(TASK DETAILS) Look for "msp.add_arc((41.544, 97.572), 0.5, 330, 150, dxfattribs=at)" in the entries below. Write out that line and all later lines exactly, ending with the final one.
PROVIDED INFORMATION: Begin
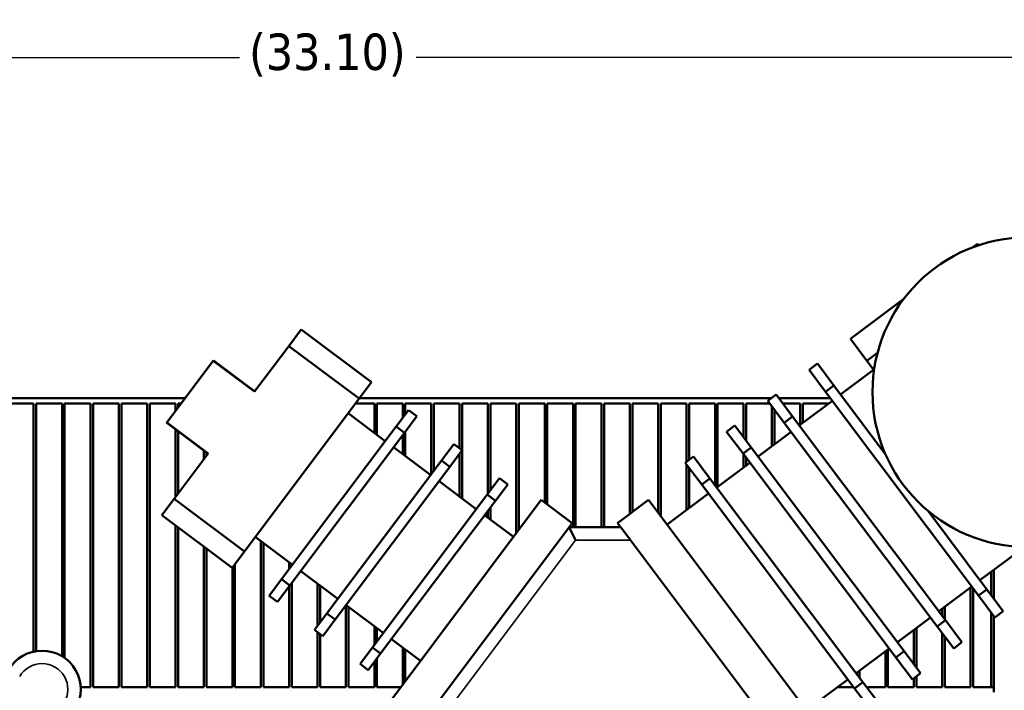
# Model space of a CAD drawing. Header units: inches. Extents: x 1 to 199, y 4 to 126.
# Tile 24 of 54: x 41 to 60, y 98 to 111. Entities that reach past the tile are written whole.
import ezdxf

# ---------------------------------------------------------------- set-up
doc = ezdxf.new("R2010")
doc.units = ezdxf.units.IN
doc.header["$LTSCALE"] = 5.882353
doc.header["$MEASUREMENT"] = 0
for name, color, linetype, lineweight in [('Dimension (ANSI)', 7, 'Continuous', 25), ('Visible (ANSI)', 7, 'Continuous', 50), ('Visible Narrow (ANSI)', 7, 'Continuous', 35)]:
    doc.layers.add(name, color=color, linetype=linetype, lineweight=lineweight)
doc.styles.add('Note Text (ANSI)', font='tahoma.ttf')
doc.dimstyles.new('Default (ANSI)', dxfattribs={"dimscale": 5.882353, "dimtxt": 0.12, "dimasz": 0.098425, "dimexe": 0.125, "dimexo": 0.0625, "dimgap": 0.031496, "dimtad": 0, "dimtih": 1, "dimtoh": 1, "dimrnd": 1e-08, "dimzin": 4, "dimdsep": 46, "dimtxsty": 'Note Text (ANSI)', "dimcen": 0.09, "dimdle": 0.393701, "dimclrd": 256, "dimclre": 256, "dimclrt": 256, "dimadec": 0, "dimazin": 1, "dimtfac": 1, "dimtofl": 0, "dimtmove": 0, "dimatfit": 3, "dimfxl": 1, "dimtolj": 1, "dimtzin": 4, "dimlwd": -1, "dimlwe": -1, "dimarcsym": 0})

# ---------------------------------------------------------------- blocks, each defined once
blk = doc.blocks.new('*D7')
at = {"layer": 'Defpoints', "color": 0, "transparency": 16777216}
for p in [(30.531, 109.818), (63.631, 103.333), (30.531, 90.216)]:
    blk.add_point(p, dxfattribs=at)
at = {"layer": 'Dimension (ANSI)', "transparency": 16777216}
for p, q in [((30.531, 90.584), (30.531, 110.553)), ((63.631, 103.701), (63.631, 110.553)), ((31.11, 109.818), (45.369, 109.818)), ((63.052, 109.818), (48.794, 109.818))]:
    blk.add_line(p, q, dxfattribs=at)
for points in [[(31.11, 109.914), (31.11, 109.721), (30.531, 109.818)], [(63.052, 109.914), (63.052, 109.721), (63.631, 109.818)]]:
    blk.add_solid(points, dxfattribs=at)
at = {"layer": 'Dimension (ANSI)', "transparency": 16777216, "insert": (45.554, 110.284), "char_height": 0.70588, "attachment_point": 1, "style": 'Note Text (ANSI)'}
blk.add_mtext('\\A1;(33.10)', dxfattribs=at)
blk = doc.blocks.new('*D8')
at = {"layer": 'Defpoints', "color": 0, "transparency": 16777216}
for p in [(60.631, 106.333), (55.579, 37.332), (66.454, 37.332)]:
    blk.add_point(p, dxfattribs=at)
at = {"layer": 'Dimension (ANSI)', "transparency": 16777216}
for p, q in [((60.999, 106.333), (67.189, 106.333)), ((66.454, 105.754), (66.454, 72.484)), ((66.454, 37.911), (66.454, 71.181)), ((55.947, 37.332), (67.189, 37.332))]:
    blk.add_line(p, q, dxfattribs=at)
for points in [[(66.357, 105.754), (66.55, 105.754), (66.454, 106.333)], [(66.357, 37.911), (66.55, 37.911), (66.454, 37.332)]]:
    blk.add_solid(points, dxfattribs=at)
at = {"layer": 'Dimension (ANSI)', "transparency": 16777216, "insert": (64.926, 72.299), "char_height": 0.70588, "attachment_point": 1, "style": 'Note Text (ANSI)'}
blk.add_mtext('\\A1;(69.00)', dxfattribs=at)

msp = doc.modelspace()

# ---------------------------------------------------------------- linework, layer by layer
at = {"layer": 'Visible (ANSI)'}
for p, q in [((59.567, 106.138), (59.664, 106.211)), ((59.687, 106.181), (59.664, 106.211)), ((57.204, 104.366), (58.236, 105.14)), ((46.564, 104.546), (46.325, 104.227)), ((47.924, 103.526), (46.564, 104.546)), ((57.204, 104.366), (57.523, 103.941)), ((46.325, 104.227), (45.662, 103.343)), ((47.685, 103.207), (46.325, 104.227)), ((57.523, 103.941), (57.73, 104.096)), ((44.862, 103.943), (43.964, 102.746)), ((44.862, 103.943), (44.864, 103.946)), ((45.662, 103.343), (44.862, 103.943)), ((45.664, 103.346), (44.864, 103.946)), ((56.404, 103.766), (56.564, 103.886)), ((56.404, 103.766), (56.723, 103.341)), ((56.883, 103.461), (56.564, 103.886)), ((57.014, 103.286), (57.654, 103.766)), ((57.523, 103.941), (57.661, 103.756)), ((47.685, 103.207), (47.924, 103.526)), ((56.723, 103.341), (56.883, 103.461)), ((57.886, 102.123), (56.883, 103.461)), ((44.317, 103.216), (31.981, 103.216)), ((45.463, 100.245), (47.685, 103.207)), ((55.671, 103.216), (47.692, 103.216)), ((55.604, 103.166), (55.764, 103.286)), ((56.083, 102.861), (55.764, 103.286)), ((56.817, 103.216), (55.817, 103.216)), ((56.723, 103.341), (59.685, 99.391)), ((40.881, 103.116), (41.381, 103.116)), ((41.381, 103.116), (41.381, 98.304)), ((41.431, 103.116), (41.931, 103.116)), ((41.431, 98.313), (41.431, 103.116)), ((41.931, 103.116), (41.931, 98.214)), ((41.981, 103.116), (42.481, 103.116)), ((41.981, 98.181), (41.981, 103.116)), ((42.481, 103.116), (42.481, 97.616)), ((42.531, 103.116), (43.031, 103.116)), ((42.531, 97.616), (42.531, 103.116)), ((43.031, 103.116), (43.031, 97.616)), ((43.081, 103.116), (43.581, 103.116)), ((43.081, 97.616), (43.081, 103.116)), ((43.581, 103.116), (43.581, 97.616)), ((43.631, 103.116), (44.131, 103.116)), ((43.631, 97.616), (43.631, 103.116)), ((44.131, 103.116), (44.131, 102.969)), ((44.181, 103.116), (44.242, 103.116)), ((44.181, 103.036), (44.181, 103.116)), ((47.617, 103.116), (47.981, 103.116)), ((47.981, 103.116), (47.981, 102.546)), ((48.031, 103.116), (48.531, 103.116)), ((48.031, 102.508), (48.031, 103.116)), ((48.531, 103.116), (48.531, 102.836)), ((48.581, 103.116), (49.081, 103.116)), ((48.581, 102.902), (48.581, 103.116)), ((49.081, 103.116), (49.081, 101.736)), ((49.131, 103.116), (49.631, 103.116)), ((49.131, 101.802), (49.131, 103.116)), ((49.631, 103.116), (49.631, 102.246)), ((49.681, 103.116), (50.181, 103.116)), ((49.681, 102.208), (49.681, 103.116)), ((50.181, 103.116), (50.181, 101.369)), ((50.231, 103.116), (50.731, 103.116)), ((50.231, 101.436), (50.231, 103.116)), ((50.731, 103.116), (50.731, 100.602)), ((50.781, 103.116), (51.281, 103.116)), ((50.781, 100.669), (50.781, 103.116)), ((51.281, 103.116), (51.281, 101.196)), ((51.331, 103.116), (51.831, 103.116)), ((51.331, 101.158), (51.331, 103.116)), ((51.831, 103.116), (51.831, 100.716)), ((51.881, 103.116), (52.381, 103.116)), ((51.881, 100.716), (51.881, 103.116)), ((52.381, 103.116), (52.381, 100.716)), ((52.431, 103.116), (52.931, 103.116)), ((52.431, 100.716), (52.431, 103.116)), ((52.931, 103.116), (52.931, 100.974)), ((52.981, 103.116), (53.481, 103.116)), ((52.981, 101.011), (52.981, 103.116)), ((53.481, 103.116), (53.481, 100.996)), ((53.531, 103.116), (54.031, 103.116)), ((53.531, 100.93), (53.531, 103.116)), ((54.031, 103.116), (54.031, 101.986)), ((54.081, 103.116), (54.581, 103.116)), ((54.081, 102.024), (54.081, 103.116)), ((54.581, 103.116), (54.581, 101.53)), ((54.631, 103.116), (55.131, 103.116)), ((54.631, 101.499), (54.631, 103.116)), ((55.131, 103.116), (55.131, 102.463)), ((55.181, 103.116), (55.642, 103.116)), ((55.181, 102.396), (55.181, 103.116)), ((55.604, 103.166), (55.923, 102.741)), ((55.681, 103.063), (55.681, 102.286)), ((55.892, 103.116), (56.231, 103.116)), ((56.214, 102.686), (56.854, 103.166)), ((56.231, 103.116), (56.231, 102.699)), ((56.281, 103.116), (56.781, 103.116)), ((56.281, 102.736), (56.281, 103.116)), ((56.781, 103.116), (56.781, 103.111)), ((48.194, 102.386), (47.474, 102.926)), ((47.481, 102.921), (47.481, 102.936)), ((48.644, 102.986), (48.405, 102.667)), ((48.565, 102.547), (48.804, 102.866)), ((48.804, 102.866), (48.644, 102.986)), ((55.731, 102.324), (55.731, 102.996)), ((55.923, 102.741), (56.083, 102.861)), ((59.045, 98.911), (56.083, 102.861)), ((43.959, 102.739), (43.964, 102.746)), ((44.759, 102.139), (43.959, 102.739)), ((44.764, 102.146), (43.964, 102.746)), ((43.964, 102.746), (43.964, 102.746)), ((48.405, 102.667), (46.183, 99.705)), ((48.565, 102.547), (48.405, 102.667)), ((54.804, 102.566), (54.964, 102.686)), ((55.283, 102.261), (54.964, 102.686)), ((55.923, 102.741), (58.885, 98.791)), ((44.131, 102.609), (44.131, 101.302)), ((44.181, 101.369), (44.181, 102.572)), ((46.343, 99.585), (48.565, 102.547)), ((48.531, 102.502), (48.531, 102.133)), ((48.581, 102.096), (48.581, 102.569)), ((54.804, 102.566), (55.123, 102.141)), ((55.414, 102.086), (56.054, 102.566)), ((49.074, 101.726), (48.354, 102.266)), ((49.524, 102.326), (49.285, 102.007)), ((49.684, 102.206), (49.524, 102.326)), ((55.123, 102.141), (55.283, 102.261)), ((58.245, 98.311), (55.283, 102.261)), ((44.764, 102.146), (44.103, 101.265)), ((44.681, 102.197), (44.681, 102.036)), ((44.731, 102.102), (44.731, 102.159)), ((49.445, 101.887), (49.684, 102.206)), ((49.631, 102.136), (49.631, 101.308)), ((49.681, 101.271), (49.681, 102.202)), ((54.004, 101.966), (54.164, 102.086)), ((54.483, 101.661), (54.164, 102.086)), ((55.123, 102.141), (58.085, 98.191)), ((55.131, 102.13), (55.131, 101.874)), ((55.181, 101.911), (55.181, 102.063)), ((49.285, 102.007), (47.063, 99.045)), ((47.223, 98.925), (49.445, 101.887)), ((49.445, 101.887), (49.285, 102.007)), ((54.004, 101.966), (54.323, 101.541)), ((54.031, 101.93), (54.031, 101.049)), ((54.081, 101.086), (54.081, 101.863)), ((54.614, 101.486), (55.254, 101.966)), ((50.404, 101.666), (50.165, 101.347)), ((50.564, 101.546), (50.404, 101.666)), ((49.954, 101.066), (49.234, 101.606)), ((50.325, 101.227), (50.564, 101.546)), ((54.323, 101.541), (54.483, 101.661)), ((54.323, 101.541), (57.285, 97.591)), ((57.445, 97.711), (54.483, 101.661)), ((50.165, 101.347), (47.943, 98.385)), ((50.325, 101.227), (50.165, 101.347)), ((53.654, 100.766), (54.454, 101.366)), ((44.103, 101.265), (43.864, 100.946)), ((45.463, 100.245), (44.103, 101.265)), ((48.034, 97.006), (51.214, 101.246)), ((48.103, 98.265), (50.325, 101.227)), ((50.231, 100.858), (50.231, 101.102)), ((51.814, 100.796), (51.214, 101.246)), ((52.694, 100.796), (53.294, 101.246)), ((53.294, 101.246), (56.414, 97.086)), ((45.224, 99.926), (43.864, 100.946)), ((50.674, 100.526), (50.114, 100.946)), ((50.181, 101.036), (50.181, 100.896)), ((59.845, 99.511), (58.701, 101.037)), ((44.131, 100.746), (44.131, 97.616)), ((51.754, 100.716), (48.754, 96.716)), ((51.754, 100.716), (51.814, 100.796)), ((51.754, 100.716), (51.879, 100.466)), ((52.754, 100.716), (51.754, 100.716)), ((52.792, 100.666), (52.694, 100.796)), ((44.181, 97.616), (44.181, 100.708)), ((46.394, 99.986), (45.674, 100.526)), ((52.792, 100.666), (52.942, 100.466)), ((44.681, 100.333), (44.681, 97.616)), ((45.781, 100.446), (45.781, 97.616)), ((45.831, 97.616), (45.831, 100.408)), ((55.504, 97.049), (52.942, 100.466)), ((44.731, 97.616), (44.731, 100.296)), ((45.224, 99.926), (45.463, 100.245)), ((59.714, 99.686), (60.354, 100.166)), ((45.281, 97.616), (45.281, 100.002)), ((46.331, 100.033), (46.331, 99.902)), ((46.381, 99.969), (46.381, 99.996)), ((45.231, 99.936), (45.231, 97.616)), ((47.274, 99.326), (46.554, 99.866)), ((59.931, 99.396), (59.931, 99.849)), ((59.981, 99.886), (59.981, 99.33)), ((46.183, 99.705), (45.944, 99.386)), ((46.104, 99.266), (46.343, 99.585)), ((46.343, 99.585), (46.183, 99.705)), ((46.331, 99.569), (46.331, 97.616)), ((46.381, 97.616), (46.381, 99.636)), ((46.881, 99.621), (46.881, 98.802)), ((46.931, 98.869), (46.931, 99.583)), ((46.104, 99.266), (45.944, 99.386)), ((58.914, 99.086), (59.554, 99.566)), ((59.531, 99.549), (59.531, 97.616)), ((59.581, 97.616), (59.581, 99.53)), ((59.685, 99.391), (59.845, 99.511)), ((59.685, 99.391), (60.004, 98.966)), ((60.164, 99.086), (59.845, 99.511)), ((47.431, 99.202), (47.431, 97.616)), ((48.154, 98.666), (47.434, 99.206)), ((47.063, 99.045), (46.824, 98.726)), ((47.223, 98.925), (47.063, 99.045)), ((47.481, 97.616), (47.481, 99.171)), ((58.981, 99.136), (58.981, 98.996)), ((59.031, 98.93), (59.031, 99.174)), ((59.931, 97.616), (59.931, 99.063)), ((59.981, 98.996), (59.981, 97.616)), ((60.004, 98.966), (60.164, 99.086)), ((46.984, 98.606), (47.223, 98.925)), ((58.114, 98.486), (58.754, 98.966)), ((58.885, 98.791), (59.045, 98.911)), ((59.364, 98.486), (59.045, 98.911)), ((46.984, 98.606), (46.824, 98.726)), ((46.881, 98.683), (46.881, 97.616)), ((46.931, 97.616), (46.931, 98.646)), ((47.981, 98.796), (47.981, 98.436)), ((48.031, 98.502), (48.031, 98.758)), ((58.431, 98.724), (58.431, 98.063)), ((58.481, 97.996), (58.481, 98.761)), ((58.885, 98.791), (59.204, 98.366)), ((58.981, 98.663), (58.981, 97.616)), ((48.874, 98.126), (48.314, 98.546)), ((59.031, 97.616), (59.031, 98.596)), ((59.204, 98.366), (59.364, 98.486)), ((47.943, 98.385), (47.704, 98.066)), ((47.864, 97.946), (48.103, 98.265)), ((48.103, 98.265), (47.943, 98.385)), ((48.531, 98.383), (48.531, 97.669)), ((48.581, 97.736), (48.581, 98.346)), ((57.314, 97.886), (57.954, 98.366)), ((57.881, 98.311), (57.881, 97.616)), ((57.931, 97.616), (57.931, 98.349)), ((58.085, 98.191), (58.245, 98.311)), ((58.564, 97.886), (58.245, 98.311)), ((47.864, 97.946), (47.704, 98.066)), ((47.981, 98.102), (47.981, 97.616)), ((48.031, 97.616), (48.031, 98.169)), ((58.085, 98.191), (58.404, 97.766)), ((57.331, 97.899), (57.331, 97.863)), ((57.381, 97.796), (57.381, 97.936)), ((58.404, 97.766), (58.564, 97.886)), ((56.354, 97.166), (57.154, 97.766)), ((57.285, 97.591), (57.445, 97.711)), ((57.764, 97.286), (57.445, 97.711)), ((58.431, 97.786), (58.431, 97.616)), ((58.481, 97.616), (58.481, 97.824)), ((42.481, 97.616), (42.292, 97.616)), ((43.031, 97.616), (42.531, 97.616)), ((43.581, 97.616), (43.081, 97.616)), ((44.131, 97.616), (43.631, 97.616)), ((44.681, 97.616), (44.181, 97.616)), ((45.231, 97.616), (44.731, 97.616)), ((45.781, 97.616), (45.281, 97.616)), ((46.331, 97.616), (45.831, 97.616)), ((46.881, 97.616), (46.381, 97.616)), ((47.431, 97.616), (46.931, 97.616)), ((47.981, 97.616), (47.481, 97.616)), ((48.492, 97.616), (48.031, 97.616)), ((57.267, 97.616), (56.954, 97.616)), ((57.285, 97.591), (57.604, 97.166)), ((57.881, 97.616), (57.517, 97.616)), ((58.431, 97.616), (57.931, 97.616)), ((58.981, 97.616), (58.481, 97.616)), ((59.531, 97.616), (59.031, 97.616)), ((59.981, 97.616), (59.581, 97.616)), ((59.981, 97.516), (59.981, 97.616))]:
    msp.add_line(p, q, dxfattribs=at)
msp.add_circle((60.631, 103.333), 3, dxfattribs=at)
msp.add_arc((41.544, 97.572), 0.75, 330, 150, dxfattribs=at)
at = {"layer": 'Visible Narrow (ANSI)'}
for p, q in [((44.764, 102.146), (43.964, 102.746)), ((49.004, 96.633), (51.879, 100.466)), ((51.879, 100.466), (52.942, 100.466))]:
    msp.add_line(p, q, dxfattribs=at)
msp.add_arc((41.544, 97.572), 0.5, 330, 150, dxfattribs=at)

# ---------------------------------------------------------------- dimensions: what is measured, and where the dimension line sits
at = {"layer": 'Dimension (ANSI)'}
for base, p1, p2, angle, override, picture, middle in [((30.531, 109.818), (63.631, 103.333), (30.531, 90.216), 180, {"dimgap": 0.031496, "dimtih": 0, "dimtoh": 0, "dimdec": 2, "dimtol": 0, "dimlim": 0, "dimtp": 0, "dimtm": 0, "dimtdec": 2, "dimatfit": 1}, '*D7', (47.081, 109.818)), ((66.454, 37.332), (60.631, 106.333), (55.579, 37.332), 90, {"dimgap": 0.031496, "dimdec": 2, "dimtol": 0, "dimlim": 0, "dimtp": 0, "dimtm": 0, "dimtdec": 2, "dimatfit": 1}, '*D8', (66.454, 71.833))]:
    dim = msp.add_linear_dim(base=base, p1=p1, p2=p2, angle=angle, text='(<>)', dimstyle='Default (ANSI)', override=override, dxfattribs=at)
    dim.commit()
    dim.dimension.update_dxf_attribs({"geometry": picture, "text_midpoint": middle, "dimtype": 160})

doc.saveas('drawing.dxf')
PROVIDED INFORMATION: End
(TASK ANSWER)
msp.add_arc((41.544, 97.572), 0.5, 330, 150, dxfattribs=at)

# ---------------------------------------------------------------- dimensions: what is measured, and where the dimension line sits
at = {"layer": 'Dimension (ANSI)'}
for base, p1, p2, angle, override, picture, middle in [((30.531, 109.818), (63.631, 103.333), (30.531, 90.216), 180, {"dimgap": 0.031496, "dimtih": 0, "dimtoh": 0, "dimdec": 2, "dimtol": 0, "dimlim": 0, "dimtp": 0, "dimtm": 0, "dimtdec": 2, "dimatfit": 1}, '*D7', (47.081, 109.818)), ((66.454, 37.332), (60.631, 106.333), (55.579, 37.332), 90, {"dimgap": 0.031496, "dimdec": 2, "dimtol": 0, "dimlim": 0, "dimtp": 0, "dimtm": 0, "dimtdec": 2, "dimatfit": 1}, '*D8', (66.454, 71.833))]:
    dim = msp.add_linear_dim(base=base, p1=p1, p2=p2, angle=angle, text='(<>)', dimstyle='Default (ANSI)', override=override, dxfattribs=at)
    dim.commit()
    dim.dimension.update_dxf_attribs({"geometry": picture, "text_midpoint": middle, "dimtype": 160})

doc.saveas('drawing.dxf')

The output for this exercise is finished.